With the functions defined above, we can now determine the accuracy of our algorithms. Since we are using this clustering algorithm for classification, accuracy is ultimately the most important metric; however, there are other metrics out there that can be applied directly to the clusters themselves, regardless of the associated labels. Two of these metrics that we will use are inertia and homogeneity. (See the detailed description of homogeneity_score)

Furthermore, earlier we made the assumption that K = 10 was the appropriate number of clusters; however, this might not be the case. Let's fit the K-means clustering algorithm with several different values of K, than evaluate the performance using our metrics.
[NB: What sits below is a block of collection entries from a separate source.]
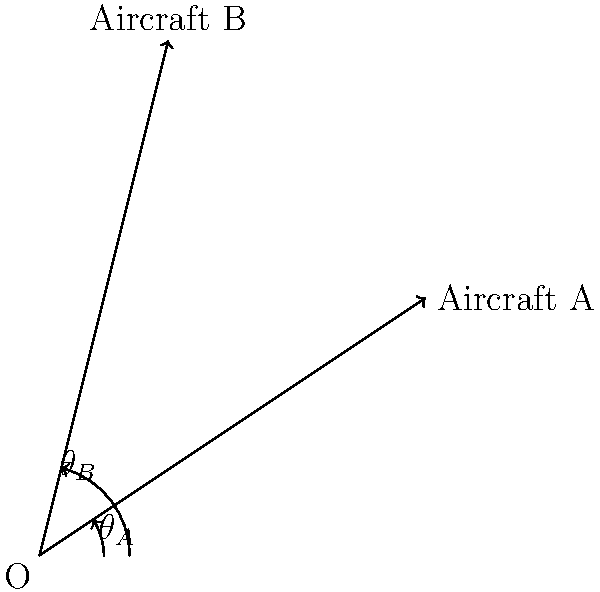As an air traffic controller at a Virginia airport, you're monitoring two aircraft. Aircraft A is at a bearing of $\theta_A = 33.7°$ and distance of 3.61 nautical miles from your position. Aircraft B is at a bearing of $\theta_B = 76.0°$ and distance of 4.12 nautical miles. What is the relative bearing of Aircraft B as seen from Aircraft A? To solve this problem, we'll use vector addition and subtraction. Let's break it down step-by-step:

1) First, convert the polar coordinates (distance and bearing) to Cartesian coordinates:

   Aircraft A: $x_A = 3.61 \cos(33.7°)$, $y_A = 3.61 \sin(33.7°)$
   Aircraft B: $x_B = 4.12 \cos(76.0°)$, $y_B = 4.12 \sin(76.0°)$

2) Calculate the coordinates:
   A: $(3.00, 2.00)$
   B: $(1.00, 4.00)$

3) The vector from A to B is given by subtracting A's coordinates from B's:
   $\vec{AB} = (x_B - x_A, y_B - y_A) = (1.00 - 3.00, 4.00 - 2.00) = (-2.00, 2.00)$

4) To find the bearing, we need to calculate the arctangent of this vector:
   $\theta = \arctan(\frac{y}{x}) = \arctan(\frac{2.00}{-2.00}) = -45°$

5) However, arctan only gives values from $-90°$ to $90°$. Since x is negative and y is positive, we need to add 180° to get the correct quadrant:
   $-45° + 180° = 135°$

6) This is the relative bearing of B from A's perspective.
Answer: 135° 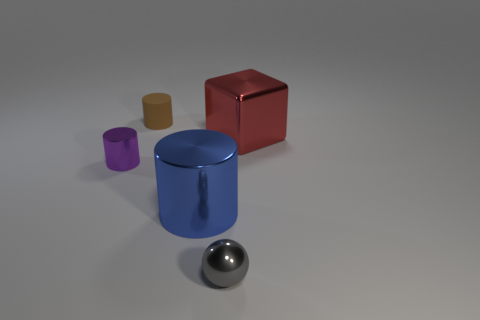Can you describe the colors and shapes of the objects present in the image? Certainly! There's a variety of objects with different colors and shapes. A red cube, a blue cylinder, a purple smaller cylinder, and a golden short cylinder, along with a shiny sphere that reflects the environment. All objects are set on a neutral gray surface. 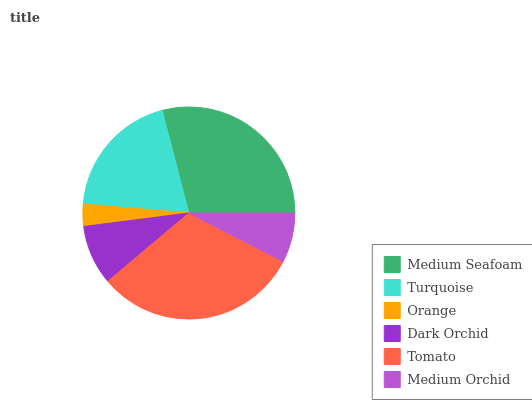Is Orange the minimum?
Answer yes or no. Yes. Is Tomato the maximum?
Answer yes or no. Yes. Is Turquoise the minimum?
Answer yes or no. No. Is Turquoise the maximum?
Answer yes or no. No. Is Medium Seafoam greater than Turquoise?
Answer yes or no. Yes. Is Turquoise less than Medium Seafoam?
Answer yes or no. Yes. Is Turquoise greater than Medium Seafoam?
Answer yes or no. No. Is Medium Seafoam less than Turquoise?
Answer yes or no. No. Is Turquoise the high median?
Answer yes or no. Yes. Is Dark Orchid the low median?
Answer yes or no. Yes. Is Orange the high median?
Answer yes or no. No. Is Medium Seafoam the low median?
Answer yes or no. No. 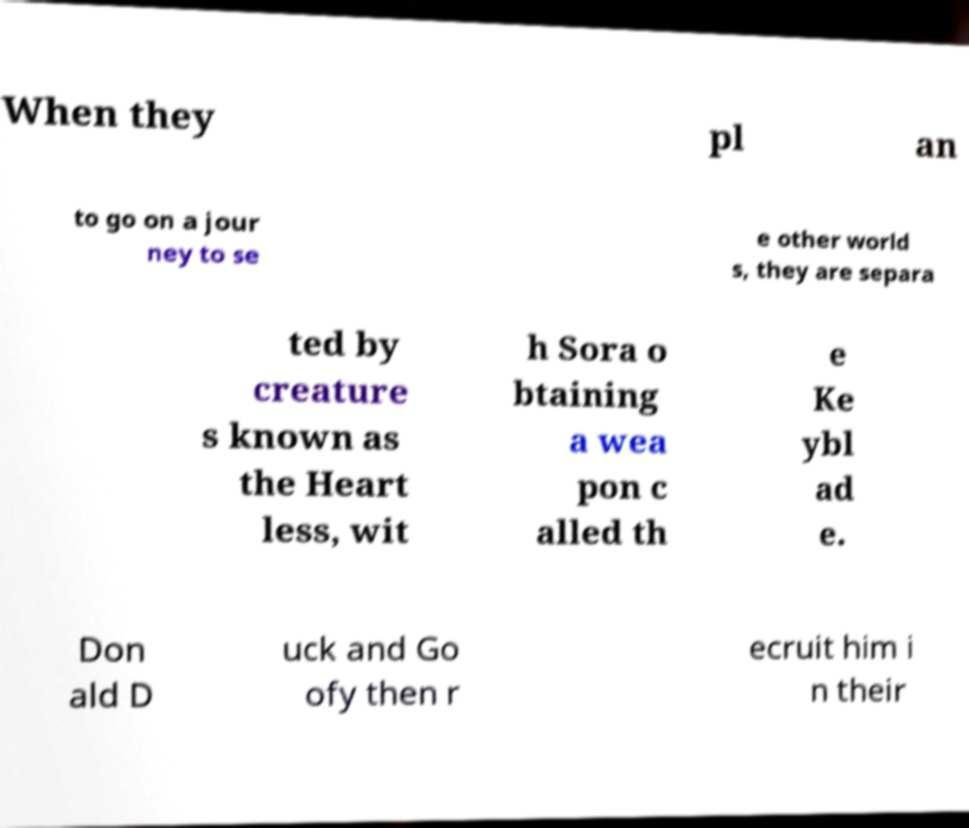Can you read and provide the text displayed in the image?This photo seems to have some interesting text. Can you extract and type it out for me? When they pl an to go on a jour ney to se e other world s, they are separa ted by creature s known as the Heart less, wit h Sora o btaining a wea pon c alled th e Ke ybl ad e. Don ald D uck and Go ofy then r ecruit him i n their

from sklearn.metrics import accuracy_score
from sklearn.metrics import homogeneity_score
from fastprogress.fastprogress import NBMasterBar, NBProgressBar
def calc_metrics(estimator, data, labels):
    inertia = estimator.inertia_
    homogeneity = homogeneity_score(labels, estimator.labels_)
    return inertia, homogeneity
clusters = [10, 16, 32, 64, 128, 256]

mbar = master_bar(clusters)
mbar.write(['clusters', 'inertia', 'homogenity', 'acc'], table=True)

for n_clusters in mbar:
    for j in progress_bar(range(1), parent=mbar):
        estimator = MiniBatchKMeans(n_clusters=n_clusters)
        estimator.fit(train_x)

        inertia,homo = calc_metrics(estimator, train_x, train_y)
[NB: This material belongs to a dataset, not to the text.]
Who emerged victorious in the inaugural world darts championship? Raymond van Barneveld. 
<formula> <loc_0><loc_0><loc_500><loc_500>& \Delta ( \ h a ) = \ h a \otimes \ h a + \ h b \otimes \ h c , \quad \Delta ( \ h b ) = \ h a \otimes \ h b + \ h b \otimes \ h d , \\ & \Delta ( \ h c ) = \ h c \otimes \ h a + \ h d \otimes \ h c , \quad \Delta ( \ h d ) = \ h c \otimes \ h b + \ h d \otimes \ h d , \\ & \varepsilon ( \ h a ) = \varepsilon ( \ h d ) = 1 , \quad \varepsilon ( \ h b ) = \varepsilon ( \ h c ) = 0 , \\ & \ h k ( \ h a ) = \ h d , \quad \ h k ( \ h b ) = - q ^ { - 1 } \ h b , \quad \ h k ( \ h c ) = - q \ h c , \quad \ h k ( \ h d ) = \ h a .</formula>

        label2cluster = get_label2cluster_mapper(estimator, train_y)
        preds = convert_cluster_to_label(estimator.labels_, label2cluster)
        acc = accuracy_score(train_y, preds)
        mbar.write([f'{n_clusters}', f'{inertia:.2f}', f'{homo:.6f}', f'{acc:.6f}'], table=True)
clusters inertia homogenity acc
10 2025777.12 0.488483 0.553883
16 1745072.75 0.586858 0.647417
32 1562862.75 0.614943 0.660467
64 1326805.25 0.676044 0.712350
128 1390716.25 0.672226 0.710233
256 1089197.25 0.740135 0.771533

As a result, we found out that when the k increases, the accuracy and homogeneity also increases.

Evaluating the test set

test_x = test_x.reshape(len(test_x), -1)
test_x = test_x.astype(np.float32) / 255.0
model = MiniBatchKMeans(n_clusters=36)
model.fit(train_x);
label2cluster = get_label2cluster_mapper(model, train_y)
test_cl = model.predict(test_x)
preds = convert_cluster_to_label(test_cl, label2cluster)
print(preds[:20])
print(test_y[:20])
[5 2 1 1 2 1 0 6 5 7 2 5 7 3 4 1 2 2 8 0]
[9 2 1 1 6 1 4 6 5 7 4 5 7 3 4 1 2 4 8 0]
print(f"Accuracy : {sum(preds == test_y)/len(preds) * 100}%")
Accuracy : 65.48%

Summary

Through this post, I built two K means clustering models for a random generating dataset and Fashion MNIST dataset. The data is first preprocessed with flatten and rescale to 0.0 ~ 1.0, then we use sklearn.cluster.MiniBatchKMeans and sklearn.cluster.KMeans to train and evaluate the model.